层析法复性蛋白还包括疏水层析法和离子层析法,都是将蛋白包涵体在层析柱上直接吸附。疏水层析法的步骤为:(1)先将层析柱用高盐缓冲液平衡,(2)蛋白进柱,进行吸附;(3)降低盐浓度,将蛋白洗脱出来;该方法可以完全除去变形剂,并使蛋白在层析介质上折叠复性,但是这种方法仅适于表面疏水性很强的蛋白,否则疏水层析使用的高浓度的盐离子容易造成蛋白的盐析沉淀。并且一些蛋白在高盐的情况下的活性不高,而离子层析法的步骤为:(1)先将层析柱用低盐或无盐缓冲液平衡,(2)蛋白进柱,进行吸附,(3)提高盐浓度,将蛋白洗脱出来;但该方法一般都是用于复性后的蛋白的纯化过程(CN 1064968C,US4705845,US 4705848,EP 0505846A1,WO 00/03011),并没有直接使用离子交换层析过程复性。俄罗斯发明的复性蛋白的专利(RU 2143492),使用了离子交换层析复性融合蛋白,但是没有洗脱过程的双梯度的设置,难免出现聚集体和错误的二硫键的配对,降低了复性的收率。并且把处在高浓度的变性剂条件下的变性蛋白加入到没有变性剂的柱子中时,因为变性剂浓度的瞬时降低,大大增加了聚集体形成的可能。使用不含变性剂的缓冲液冲洗复性后的蛋白,不仅仅降低了复性的收率,而且一些目标蛋白吸附在层析介质上没有洗脱出柱,使蛋白的质量回收很低,并且污染了层析柱。
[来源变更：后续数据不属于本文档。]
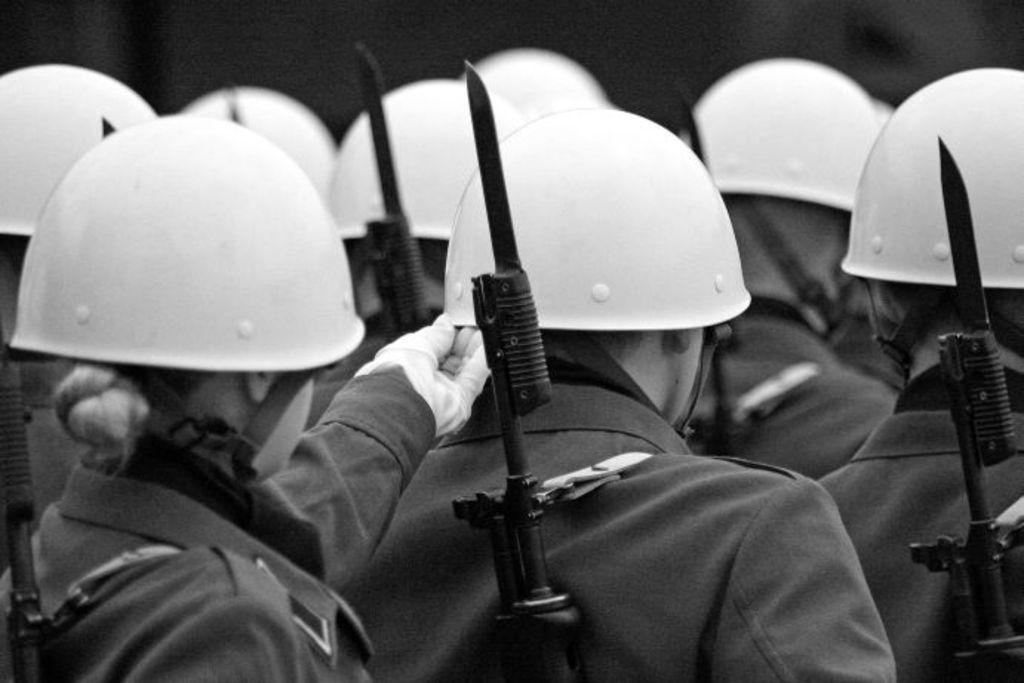What is the color scheme of the image? The image is black and white. What can be seen in the image? There are people in the image. What are the people wearing? The people are wearing uniforms and hats. What are the people holding? The people are holding weapons. In which direction are the people facing? The people are facing towards the back side. What type of wood can be seen floating in the stream in the image? There is no wood or stream present in the image; it features people wearing uniforms, hats, and holding weapons. What kind of leather material is visible on the people's uniforms in the image? There is no mention of leather material in the image; it only states that the people are wearing uniforms. 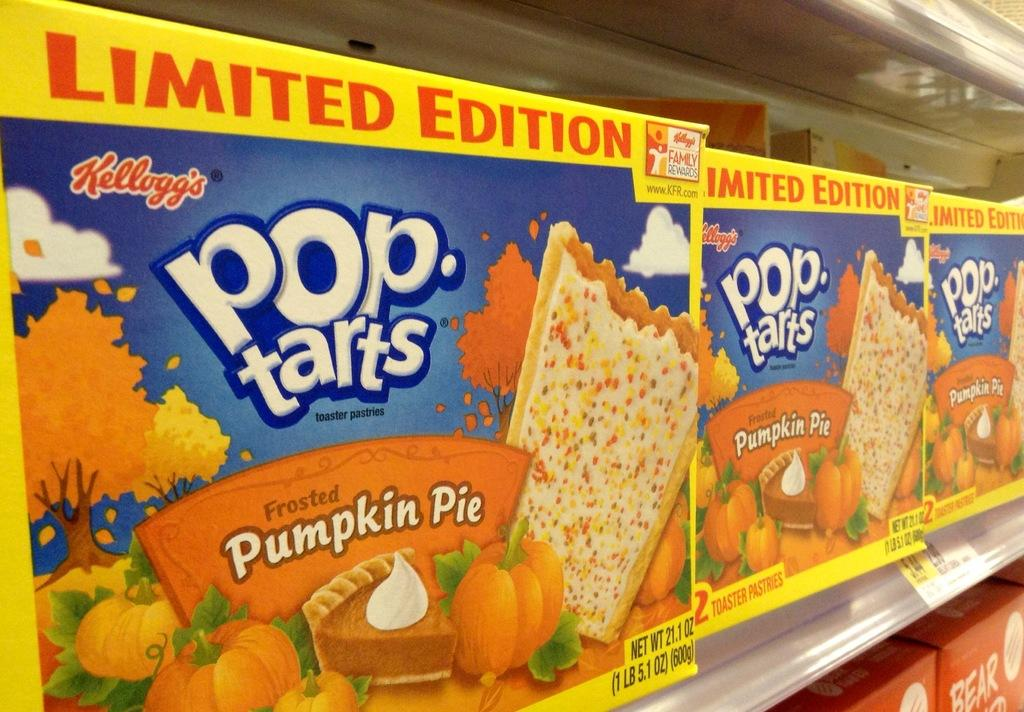What is present in the image that has images on it? There are packets with images in the image. What can be seen on the packets besides the images? There is writing on the packets. How are the packets arranged in the image? The packets are in racks. Is there any information about the cost of the packets in the image? Yes, there is a price attached to the racks. Can you describe the haircut of the person holding the packets in the image? There is no person holding the packets in the image; it only shows the packets in racks.

有人使用此种过程复性变性的天然的溶菌酶蛋白,蛋白的质量收率仅仅在10%左右。
发明内容
本发明的目的在于提供一种高浓度下高效地复性包涵体蛋白质的方法,而且可同时纯化目标蛋白。
本发明的技术方案如下:
本发明提供的一种包涵体蛋白复性并同时纯化的方法,其特征在于,该方法为将溶解的包涵体蛋白在离子交换层析柱中进行变性剂浓度的梯度洗脱或pH值的梯度洗脱或同时进行变性剂的浓度梯度洗脱及pH值的梯度洗脱;其具体步骤是:
1)酸性/碱性流动相I或者其它溶液溶解的包涵体蛋白进经流动相I平衡后的离子交换层析柱,包涵体蛋白可逆地被吸附在层析介质上;
2)然后用碱性/酸性流动相II梯度取代流动相I对包涵体蛋白溶液进行梯度洗脱,洗脱梯度长度为1-5个的柱体积,流动相II中的变性剂的浓度低于流动相I中的变性剂的浓度;
所述的变性剂为脲、Triton或Tween;在流动相I中的浓度为6~10mol/L;在流动相II中的浓度为0.5~3mol/L;所述流动相I为酸性缓冲液,pH为3~7;流动相II为碱性缓冲液,pH为8~11;流动相I为碱性缓冲液,pH为8~11;流动相II为酸性缓冲液,pH为3~7;所述的酸性缓冲液为含单一硼酸盐、醋酸盐或碳酸盐的酸性缓冲液或为其混合酸性缓冲液;所述的离子交换层析介质可为DEAE Sepharose Fast Flow、SP Sepharose Fast Flow、Q Sepharose Fast Flow或CM Sepharose Fast Flow。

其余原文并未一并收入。